▶ **Work required**
Take the lines below beginning at the line that has "1. yellow striped" and stopping after the line that has "22. tongs arm [64,411,394,476]", and print them exactly as they are, with no other lines.
BEGIN Data to use
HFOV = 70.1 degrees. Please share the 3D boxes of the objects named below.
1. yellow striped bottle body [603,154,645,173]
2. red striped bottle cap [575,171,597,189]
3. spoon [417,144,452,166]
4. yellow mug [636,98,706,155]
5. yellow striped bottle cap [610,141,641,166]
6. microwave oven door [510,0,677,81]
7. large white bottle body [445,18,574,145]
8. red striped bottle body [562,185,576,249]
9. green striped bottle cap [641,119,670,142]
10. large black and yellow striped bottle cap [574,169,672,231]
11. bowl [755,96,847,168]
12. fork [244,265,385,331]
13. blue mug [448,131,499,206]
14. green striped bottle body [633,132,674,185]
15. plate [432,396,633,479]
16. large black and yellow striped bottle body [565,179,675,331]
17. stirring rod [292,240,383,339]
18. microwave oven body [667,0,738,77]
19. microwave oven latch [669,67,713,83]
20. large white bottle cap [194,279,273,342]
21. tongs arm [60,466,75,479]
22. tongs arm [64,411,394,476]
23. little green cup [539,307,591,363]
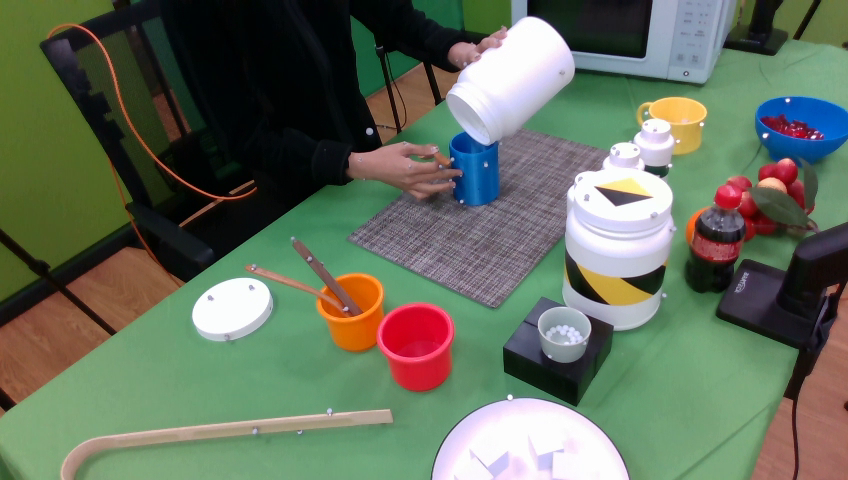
[{"bbox_3d":[0.314,-0.091,0.957,0.063,0.121,0.062,-4,40,4],"label":"yellow striped bottle body"},{"bbox_3d":[0.242,-0.081,0.876,0.044,0.018,0.044,-5,44,5],"label":"red striped bottle cap"},{"bbox_3d":[0.018,-0.142,1.019,0.041,0.022,0.193,-26,15,-3],"label":"spoon"},{"bbox_3d":[0.453,-0.217,1.128,0.100,0.064,0.129,-34,46,-27],"label":"yellow mug"},{"bbox_3d":[0.309,-0.131,0.925,0.044,0.019,0.044,-4,46,5],"label":"yellow striped bottle cap"},{"bbox_3d":[0.354,-0.478,1.290,0.353,0.245,0.039,15,45,25],"label":"microwave oven door"},{"bbox_3d":[0.137,-0.254,0.987,0.185,0.131,0.129,-42,48,-8],"label":"large white bottle body"},{"bbox_3d":[0.246,-0.041,0.910,0.063,0.120,0.062,0,38,1],"label":"red striped bottle body"},{"bbox_3d":[0.371,-0.175,0.968,0.044,0.020,0.044,-5,42,5],"label":"green striped bottle cap"},{"bbox_3d":[0.242,-0.051,0.738,0.115,0.019,0.114,-4,37,3],"label":"large black and yellow striped bottle cap"},{"bbox_3d":[0.645,-0.177,1.041,0.151,0.077,0.150,-5,40,4],"label":"bowl"},{"bbox_3d":[-0.142,0.078,0.806,0.209,0.018,0.028,30,33,-24],"label":"fork"},{"bbox_3d":[0.090,-0.135,1.050,0.082,0.106,0.116,2,41,11],"label":"blue mug"},{"bbox_3d":[0.376,-0.135,1.001,0.063,0.120,0.063,-5,40,5],"label":"green striped bottle body"},{"bbox_3d":[0.112,0.261,0.634,0.209,0.038,0.208,-5,40,4],"label":"plate"},{"bbox_3d":[0.254,0.014,0.793,0.131,0.185,0.130,-5,40,4],"label":"large black and yellow striped bottle body"},{"bbox_3d":[-0.118,0.068,0.825,0.176,0.006,0.014,48,59,-3],"label":"stirring rod"},{"bbox_3d":[0.462,-0.552,1.369,0.439,0.261,0.326,15,45,26],"label":"microwave oven body"},{"bbox_3d":[0.556,-0.349,1.261,0.078,0.029,0.030,16,46,27],"label":"microwave oven latch"},{"bbox_3d":[-0.284,0.103,0.902,0.115,0.018,0.114,-4,40,4],"label":"large white bottle cap"},{"bbox_3d":[-0.239,0.301,0.649,0.386,0.028,0.028,6,49,16],"label":"tongs arm"},{"bbox_3d":[-0.228,0.241,0.715,0.385,0.026,0.050,-5,44,5],"label":"tongs arm"},{"bbox_3d":[0.167,0.114,0.721,0.061,0.039,0.061,-4,43,4],"label":"little green cup"}]
END Data to use
▶ **Exercise response**
1. yellow striped bottle body [603,154,645,173]
2. red striped bottle cap [575,171,597,189]
3. spoon [417,144,452,166]
4. yellow mug [636,98,706,155]
5. yellow striped bottle cap [610,141,641,166]
6. microwave oven door [510,0,677,81]
7. large white bottle body [445,18,574,145]
8. red striped bottle body [562,185,576,249]
9. green striped bottle cap [641,119,670,142]
10. large black and yellow striped bottle cap [574,169,672,231]
11. bowl [755,96,847,168]
12. fork [244,265,385,331]
13. blue mug [448,131,499,206]
14. green striped bottle body [633,132,674,185]
15. plate [432,396,633,479]
16. large black and yellow striped bottle body [565,179,675,331]
17. stirring rod [292,240,383,339]
18. microwave oven body [667,0,738,77]
19. microwave oven latch [669,67,713,83]
20. large white bottle cap [194,279,273,342]
21. tongs arm [60,466,75,479]
22. tongs arm [64,411,394,476]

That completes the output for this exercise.